● **EXERCISE PROMPT**: Give back exactly the lines starting at the one with "Task: from this" and ending at the last line of the data below. Pictures are not part of the copy.

Entries taken from a collection:

==========

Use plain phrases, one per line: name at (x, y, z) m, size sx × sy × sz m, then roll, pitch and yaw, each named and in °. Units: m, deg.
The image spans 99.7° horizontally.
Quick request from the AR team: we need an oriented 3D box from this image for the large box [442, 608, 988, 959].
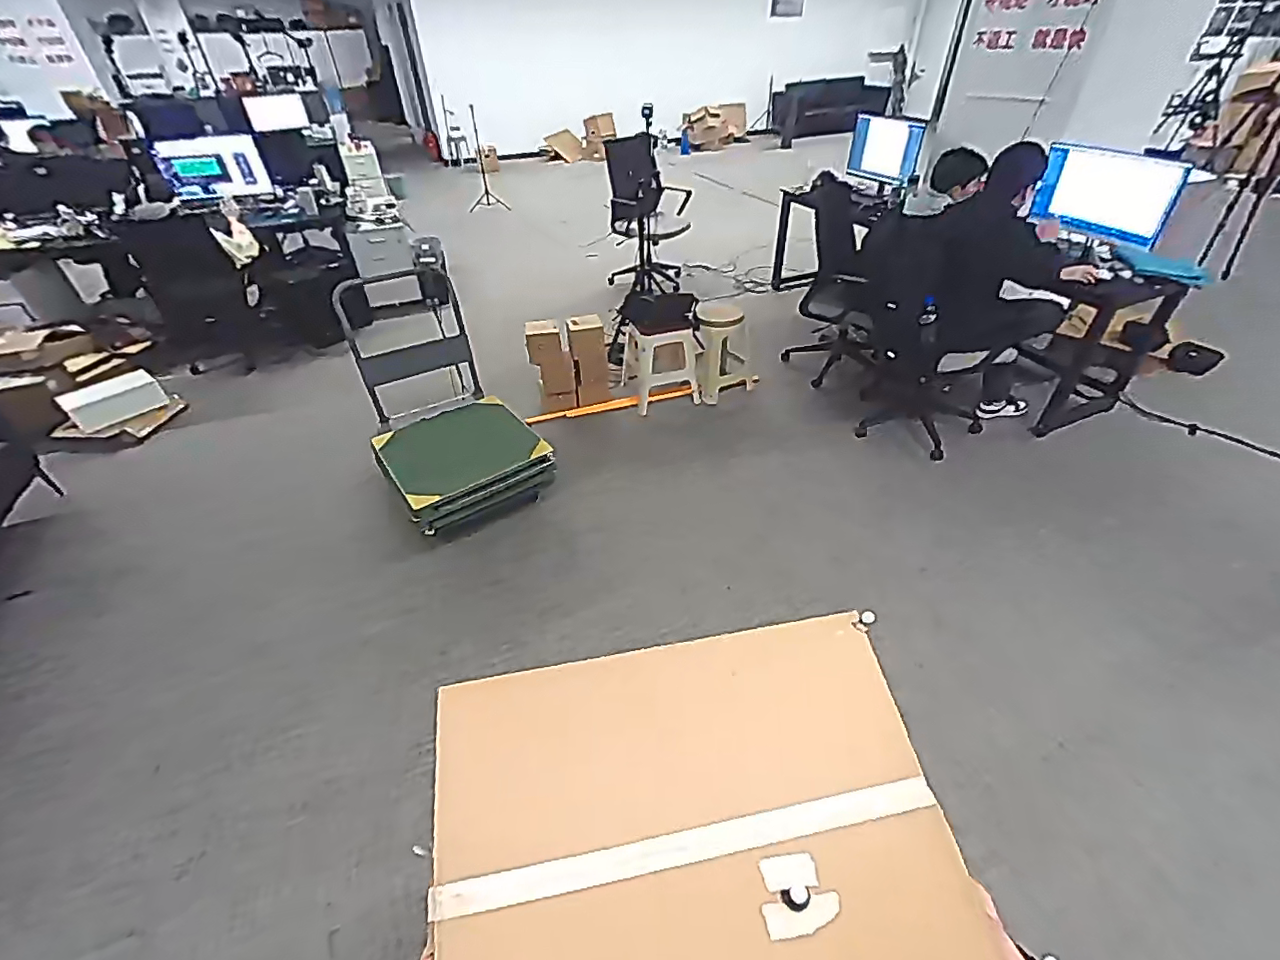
large box at (0.037, 0.366, 0.569) m, size 0.408 × 0.320 × 0.320 m, roll -8°, pitch 59°, yaw -7°
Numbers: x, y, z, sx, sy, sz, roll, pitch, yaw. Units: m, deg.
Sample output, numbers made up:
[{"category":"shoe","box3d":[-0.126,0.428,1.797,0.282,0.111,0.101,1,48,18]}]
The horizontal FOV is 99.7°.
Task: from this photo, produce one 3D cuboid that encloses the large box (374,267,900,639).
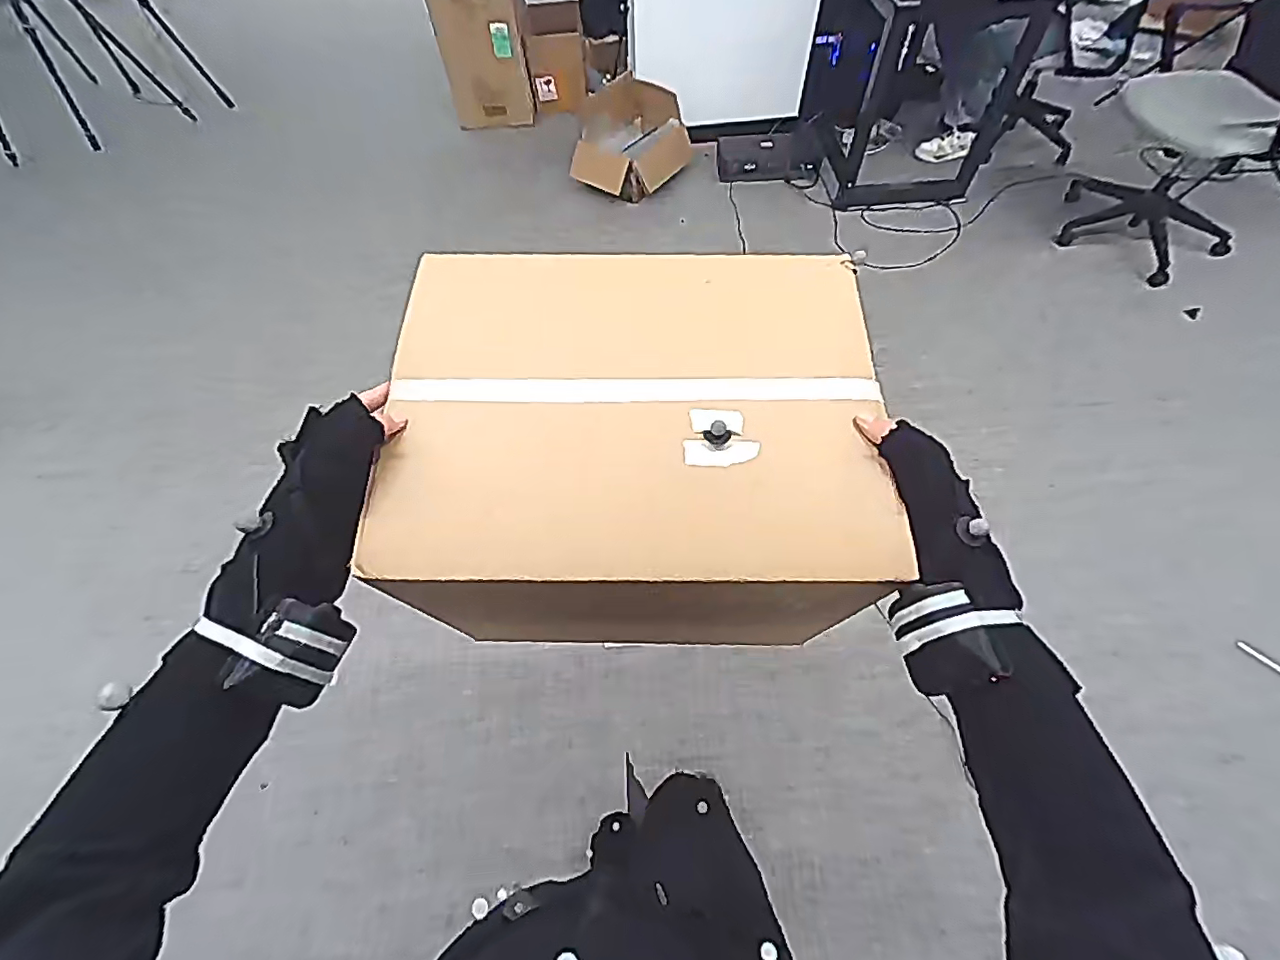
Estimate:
[{"category":"large box","box3d":[-0.004,-0.007,0.600,0.408,0.320,0.320,0,65,0]}]

==========

● **SOLUTION**:
Task: from this photo, produce one 3D cuboid that encloses the large box (374,267,900,639).
Estimate:
[{"category":"large box","box3d":[-0.004,-0.007,0.600,0.408,0.320,0.320,0,65,0]}]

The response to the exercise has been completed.